===== Provided data =====
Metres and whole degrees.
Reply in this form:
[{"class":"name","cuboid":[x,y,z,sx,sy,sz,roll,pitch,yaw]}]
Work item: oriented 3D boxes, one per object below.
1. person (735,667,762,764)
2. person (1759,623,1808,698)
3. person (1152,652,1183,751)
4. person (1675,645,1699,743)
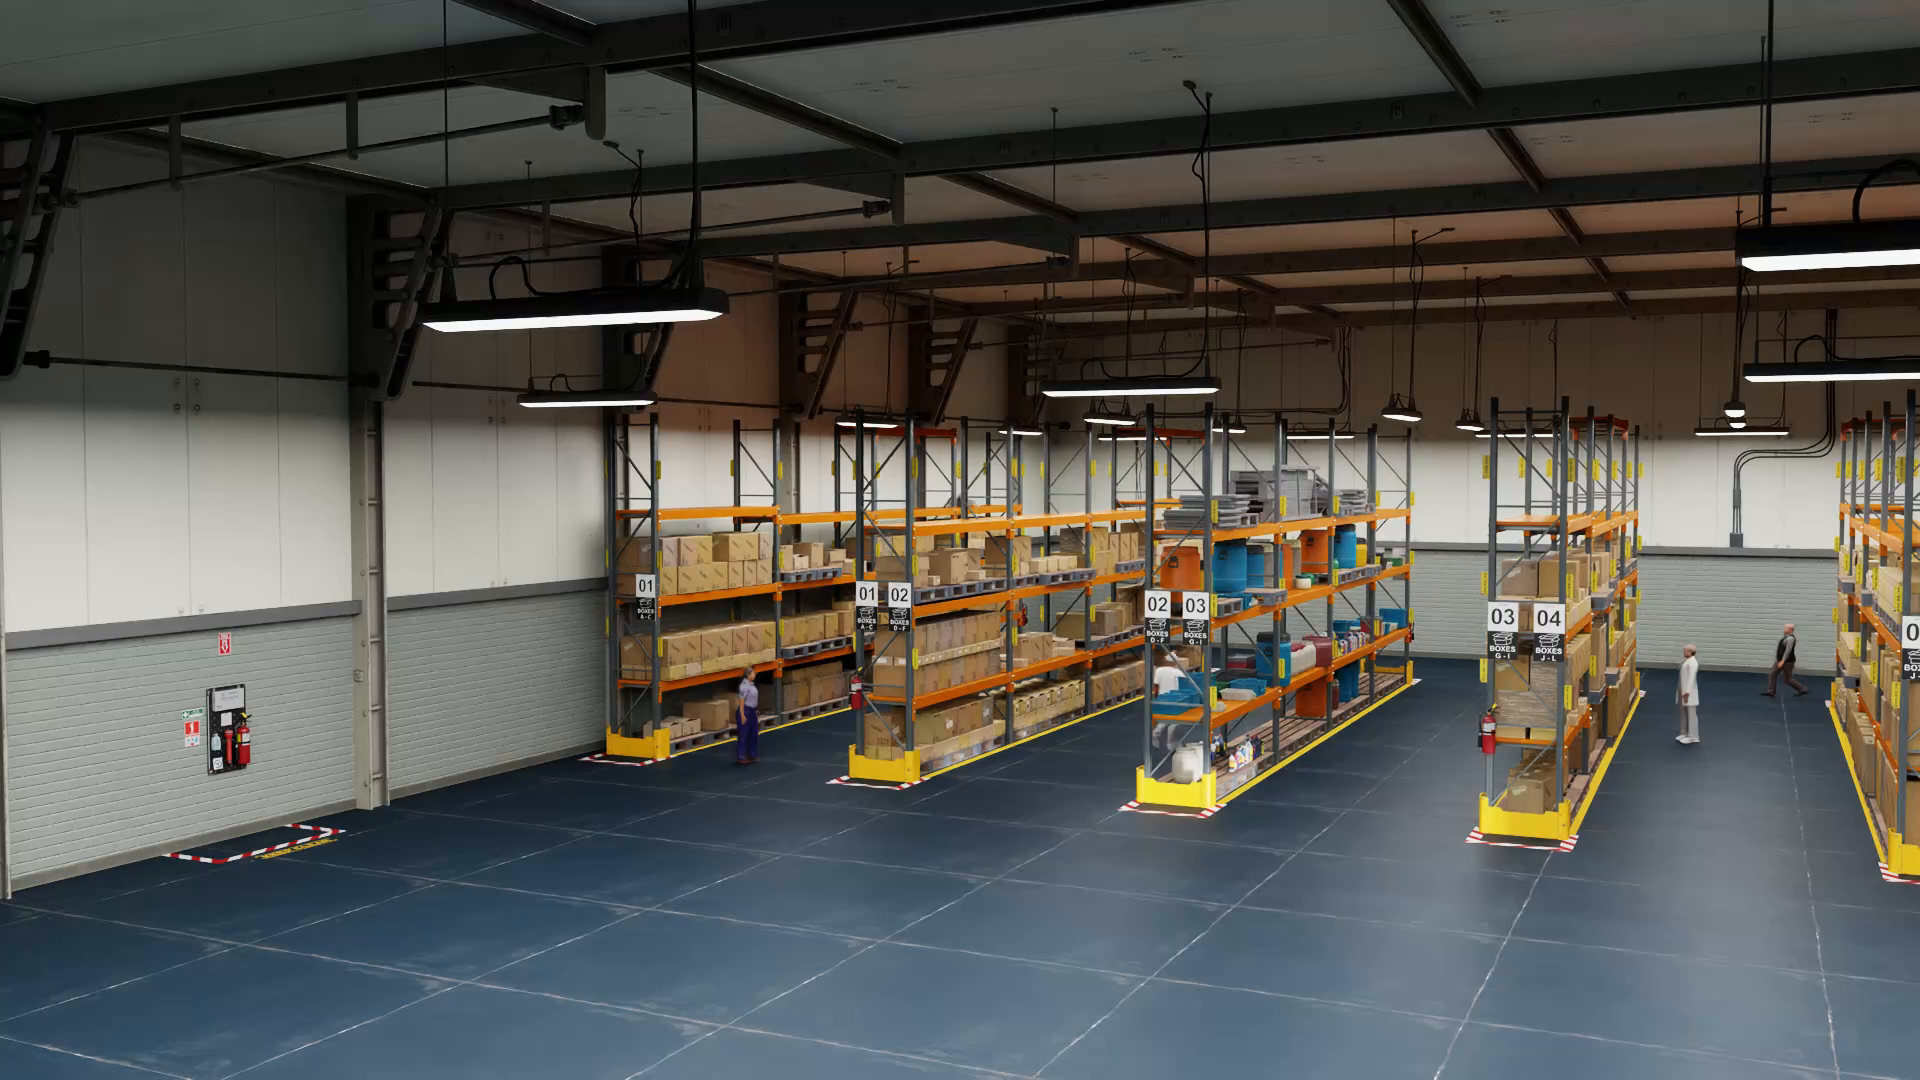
=====
:: About this exercise ::
Please copy out each line above exactly as written, but not the pictures.

:: Answer for the task ::
Metres and whole degrees.
Reply in this form:
[{"class":"name","cuboid":[x,y,z,sx,sy,sz,roll,pitch,yaw]}]
Work item: oriented 3D boxes, one per object below.
1. person (735,667,762,764)
2. person (1759,623,1808,698)
3. person (1152,652,1183,751)
4. person (1675,645,1699,743)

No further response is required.